JVM parameters are passed to the constructor via the argument `java_parameters`, e.g.,

`java_parameters='-Xmx12G -Xms4G'`

The value of the argument is passed to the call `java <java params> clus.jar <clus params>` verbatim.

## Fit & Predict

### Fitting
When fitting, a temporary folder with

- training arff (where `xs_train` and `y_train` are dumped to)
- settings file (with the specified parameters)

is created.

Prior to fitting (calling `java <params1> clus.jar <params2>` internally),
the settings file is updated, so that CLUS outputs model files.

After the fitting, model files are loaded to your `model` object for later use.
Then, temporary folder is deleted.

### Predicting

When predicting, a temporary folder with

- testing arff (where `xs_test` and dummy target values are dumped to),
- settings file (with the specified parameters),
- model file(s)

is created. After predicting (again calling `java <params1> clus.jar <params2>` internally)
the prediction file is read. After that, the folder is deleted.

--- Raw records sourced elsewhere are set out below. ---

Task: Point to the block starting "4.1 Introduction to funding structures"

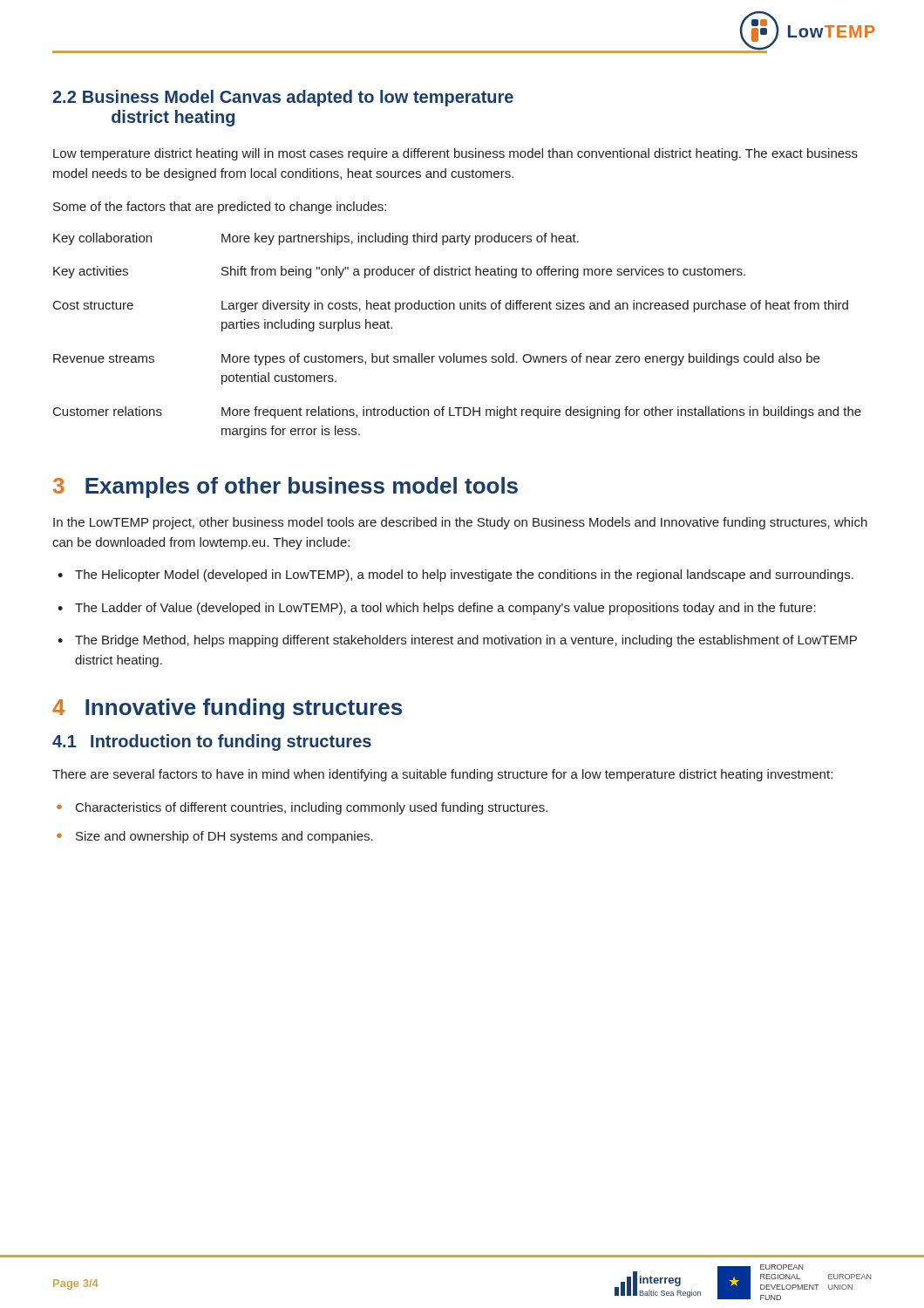Action: click(212, 741)
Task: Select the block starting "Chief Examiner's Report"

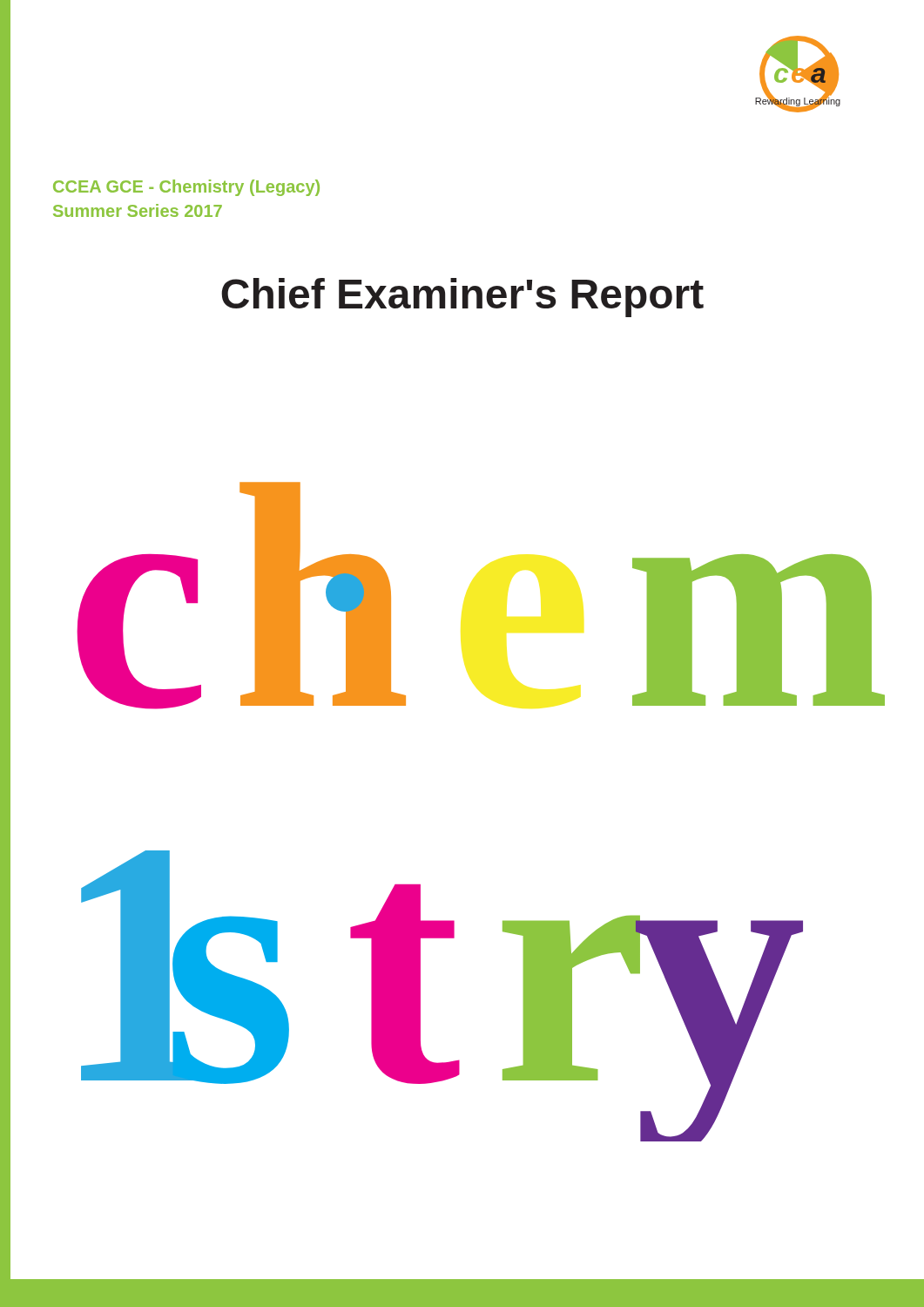Action: (x=462, y=294)
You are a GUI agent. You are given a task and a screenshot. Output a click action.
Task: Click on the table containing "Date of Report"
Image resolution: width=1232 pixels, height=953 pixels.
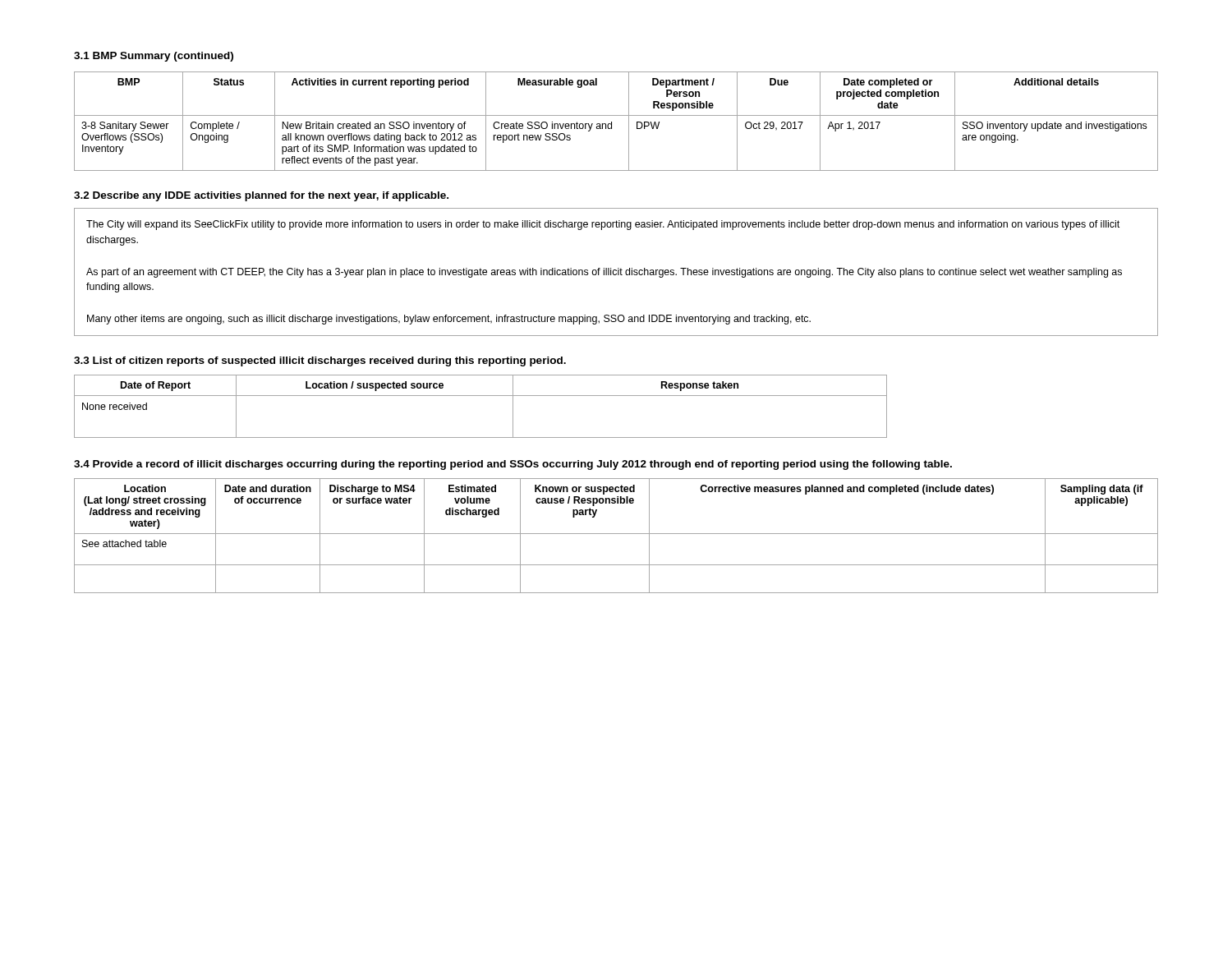(616, 406)
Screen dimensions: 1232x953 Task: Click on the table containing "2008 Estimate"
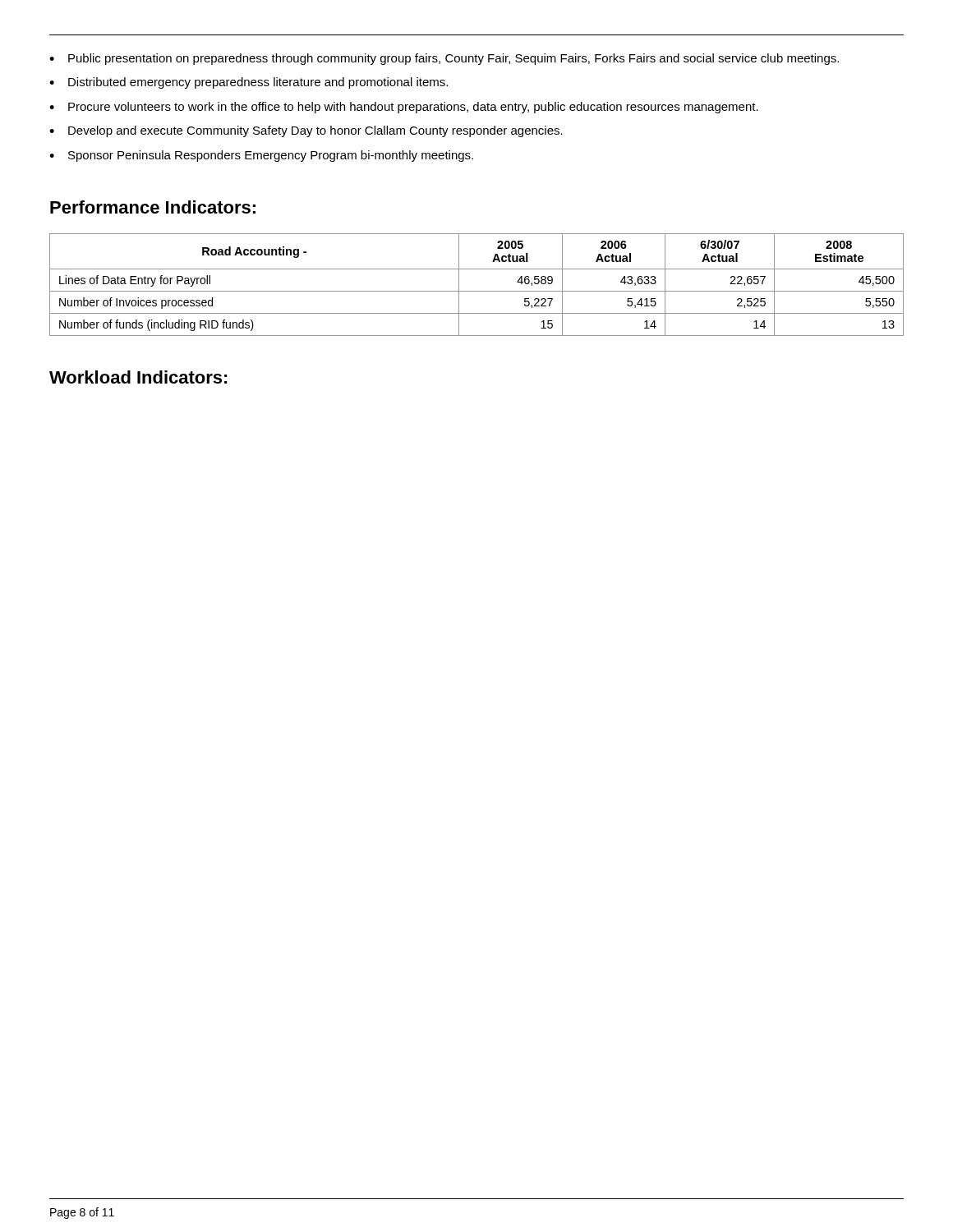click(476, 285)
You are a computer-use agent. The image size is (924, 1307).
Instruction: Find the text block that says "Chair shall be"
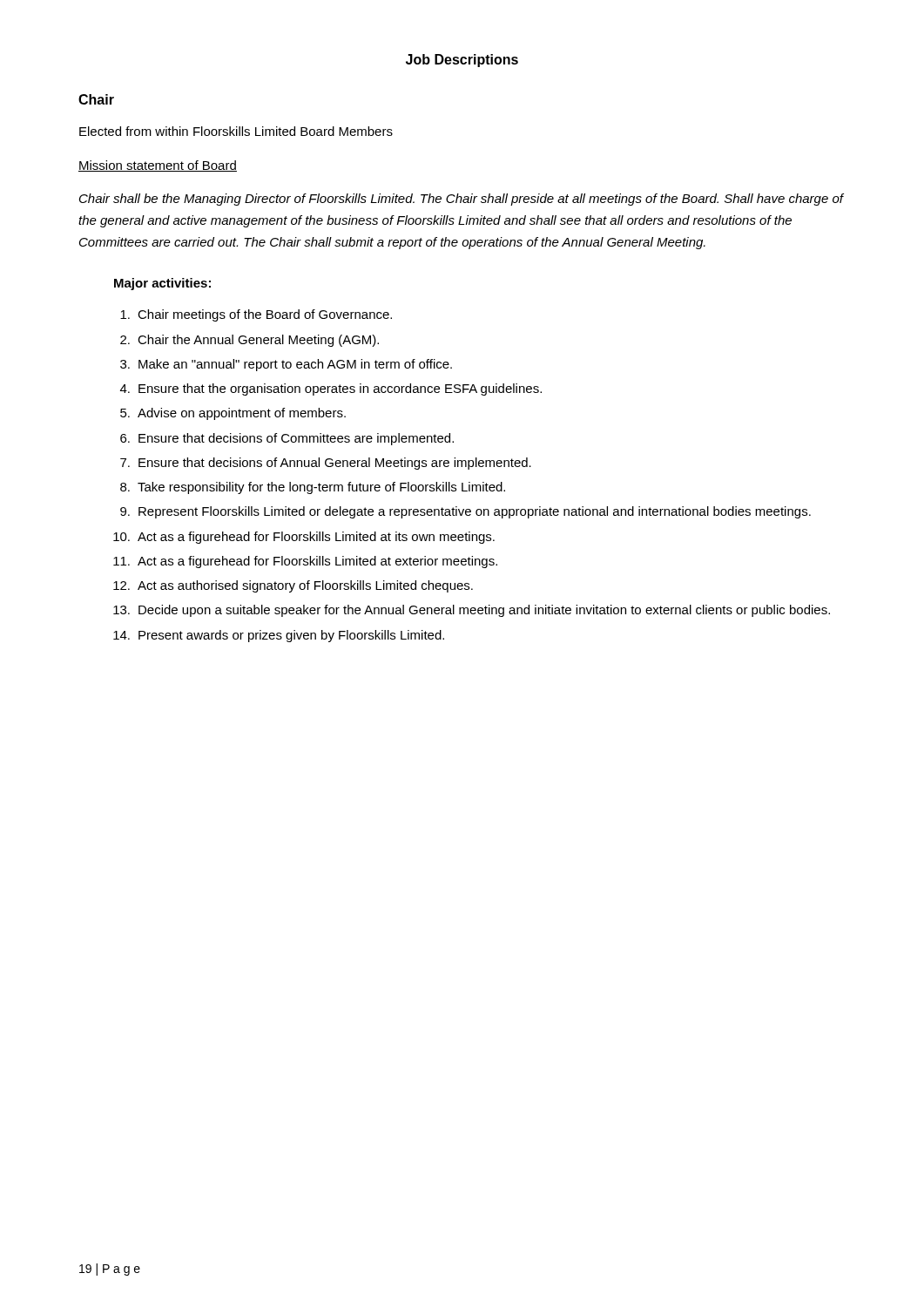point(461,220)

The predictions are of type `Dict[str, List[List[Any]]`. The keys are model names
(e.g., `Original` or `Forest with 4 trees`), wheres the values are lists of predictions for every
example in the test set.

Examples:

- regression (1 target): `{'Original': [[1.1], [2.1], ...], ...}`
- regression (2 targets): `{'Original': [[1.1, 1.2], [2.1, 2.2], ...], ...}`
- classification (1 target): `{'Original': [[('a', 0.87)], [('b', 0.51)], ...], ...}`
    - in addition to the predicted class value, the confidence is also given (e.g., model `Original` predicts
     `b` for the value of the first (and only target) for second example with confidence `0.51`).
     Confidence is not strictly defined in CLUS (might be probability, might be some other measure of support of the
     decision).
- classification (2 targets): `{'Original': [[('a', 0.87), ('x', 0.90)], [('b', 0.51), ('y', 0.61)], ...], ...}`
- MLC: same as classification, but the class values of every target are limited to '0' and '1'
- HMLC: `{'Original': [[('lab1', 0.87), ('lab2', 0.01), ...], [('lab1', 0.12), ('lab2', 0.61), ...], ...], ...}`
    - In contrast to MLC where the confidence always corresponds to the class value next to it,
    HMLC gives a confidence for example having a given label (thus, it is not weird if the confidence is less than `1/2`).

### Evaluation

PyClus does not provide the error measures. Use scikit instead, it has some great methods in `sklearn.metrics`.